אָמַר אַבָּיֵי: בִּשְׂפַת מִזְרָק, כְּדִכְתִיב: ״כְּפוֹרֵי זָהָב וְגוֹ׳״.
Abaye a dit : Il essuie son doigt sur le bord du bol contenant le sang, comme il est écrit : « bols d’expiation [keforei] en or » (Esdras 1:10), ce qui désigne les bols contenant le sang. La racine kafar peut aussi signifier essuyer.
וּמִי אָמַר רַבִּי אֶלְעָזָר הָכִי? וְהָא אִיתְּמַר: חֲבִיתֵּי כֹּהֵן גָּדוֹל – רַבִּי יוֹחָנָן אָמַר: אֵינָהּ קְדוֹשָׁה לַחֲצָאִין, רַבִּי אֶלְעָזָר אָמַר: מִתּוֹךְ שֶׁקְּרֵבָה לַחֲצָאִין, קְדוֹשָׁה לַחֲצָאִין.
§ La Guemara revient sur la question de la sanctification du sang recueilli dans deux récipients : Rabbi Elazar a-t-il vraiment dit cela, à savoir que le sang n’est sanctifié que lorsqu’une mesure complète est d’abord recueillie dans un seul récipient ? Mais il a été enseigné au sujet de l’offrande de galette à la poêle du Grand Prêtre : Rabbi Yoḥanan dit qu’elle n’est pas sanctifiée par moitiés, c’est-à-dire que si la moitié d’un dixième d’épha a été placée dans un récipient, et la seconde moitié dans un autre récipient, aucune des deux n’est sanctifiée.
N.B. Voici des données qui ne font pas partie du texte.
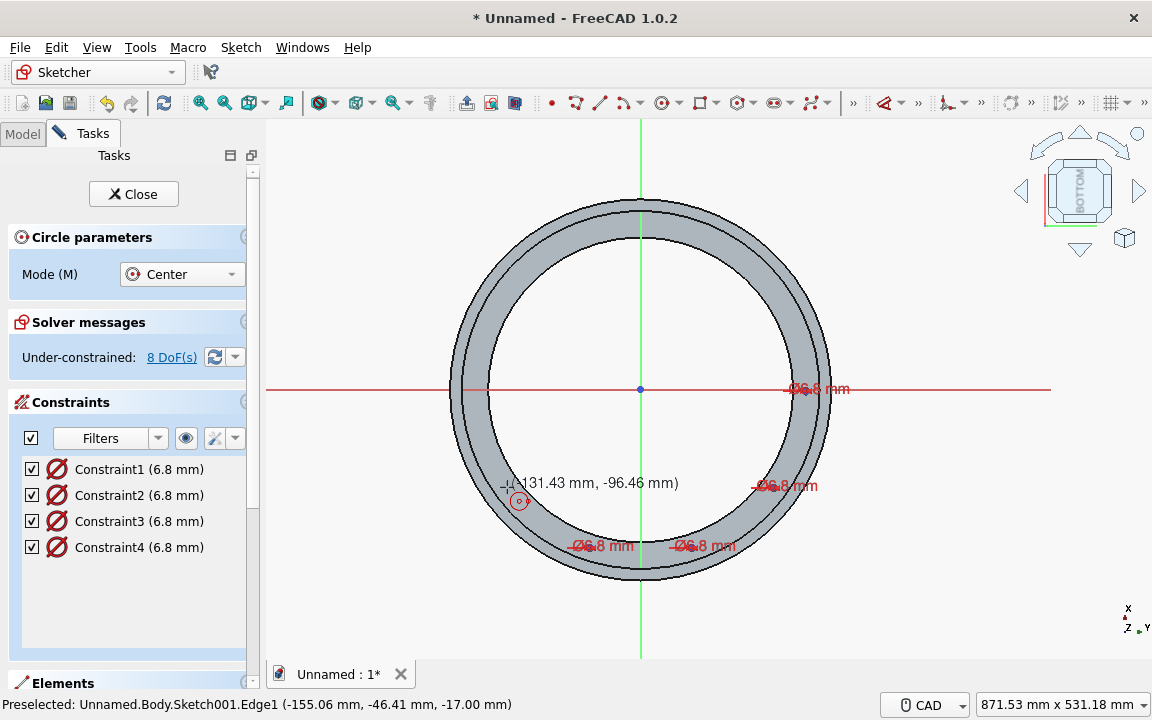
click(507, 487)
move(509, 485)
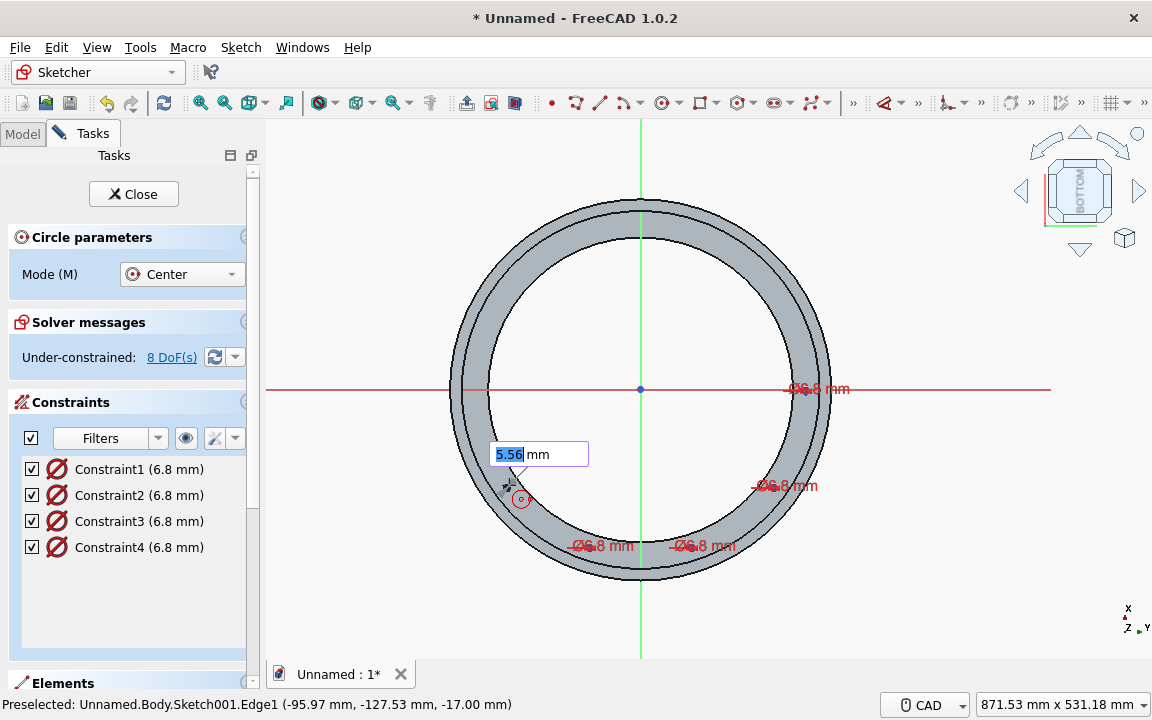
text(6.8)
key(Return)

Rabbi Elazar dit : Puisqu’elle est offerte par moitiés, puisque la moitié de l’offrande de farine est offerte le matin et l’autre moitié l’après-midi, elle peut être sanctifiée par moitiés.

Les traductions générées par l'IA peuvent ne pas être entièrement précises.